Si un divorcio entre personas catalogadas de “normales” ya es una experiencia traumática, cuando añadimos el componente de que uno de los dos miembros de esa relación tiene una enfermedad mental, todo se complica. Y si encima el enfermo no asume que padece enfermedad alguna, entonces puede llegar a ser devastadora.

Siempre digo que el divorcio es como una montaña rusa emocional, en los que las personas que lo viven tienen cambios emocionales muy bruscos, similares a los que sientes cuando vives la experiencia de dar una vuelta en la atracción de la montaña rusa. Lo mismo estás anímicamente arriba y con un positivismo extraordinario, que te hundes por completo y estás en un estado depresivo absoluto, en el que no tienes ganas de nada de nada.

Cuando en el divorcio, además, aparece la enfermedad mental, todo se multiplica y siempre hay una parte que lleva más carga que la otra.

El enfermo mental normalmente omite su situación y no acepta el hecho de necesitar la ayuda profesional adecuada. Cree que él no padece ninguna enfermedad y que, por supuesto, no precisa tratamiento alguno. Cuando, encima, hay hijos de por medio, la carga que se soporta es muchas veces INSOPORTABLE de llevar.

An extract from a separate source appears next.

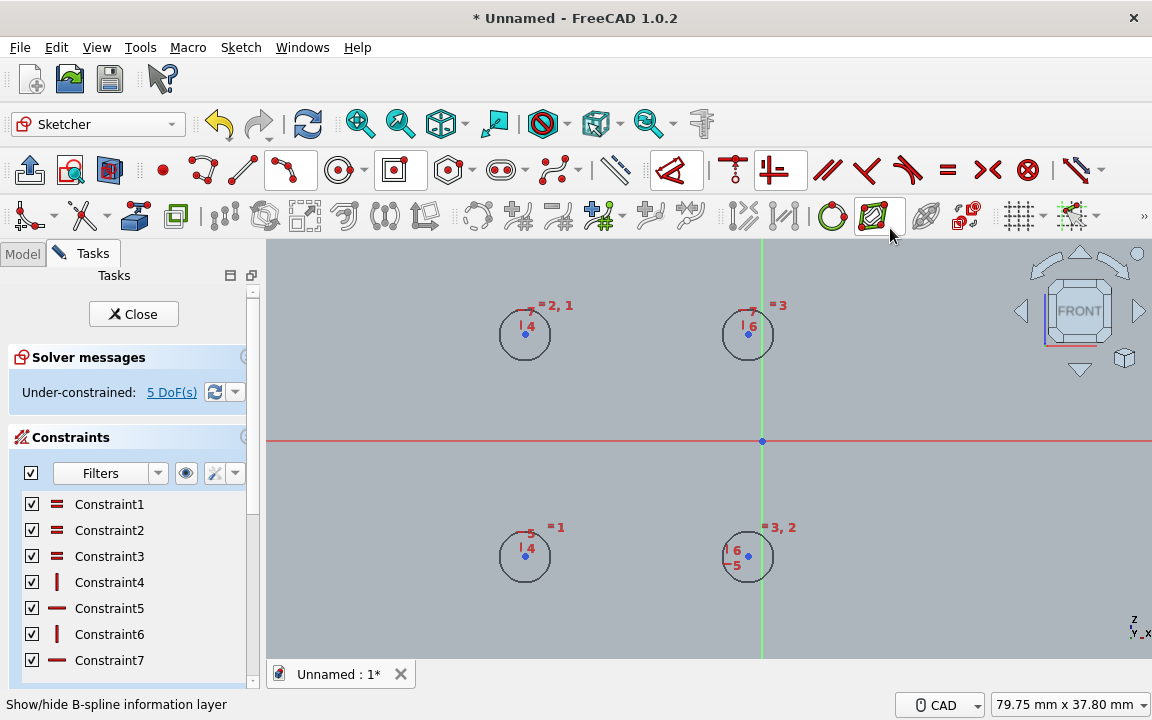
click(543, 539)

Vives sobresaltos en los momentos más inesperados, y  aquellos momentos en los que los hijos deberían de estar con su padre o madre y tú descansar, son los que vives con más angustia, porque no sabes en qué momento tu teléfono va a sonar bien, porque puede que uno de tus hijos te llame muy nervioso pidiendo tu ayuda desesperada, diciéndote que su padre o madre se ha puesto violento y que ha agredido a su hermano, o que tu hijo con apenas 10 u 11 años te llame angustiado porque su padre o madre se ha tomado pastillas y está sin sentido en el sofá y crea que se va a morir. O recibir la llamada de algún amigo común o directamente del hospital porque han tenido que ingresarlo/a.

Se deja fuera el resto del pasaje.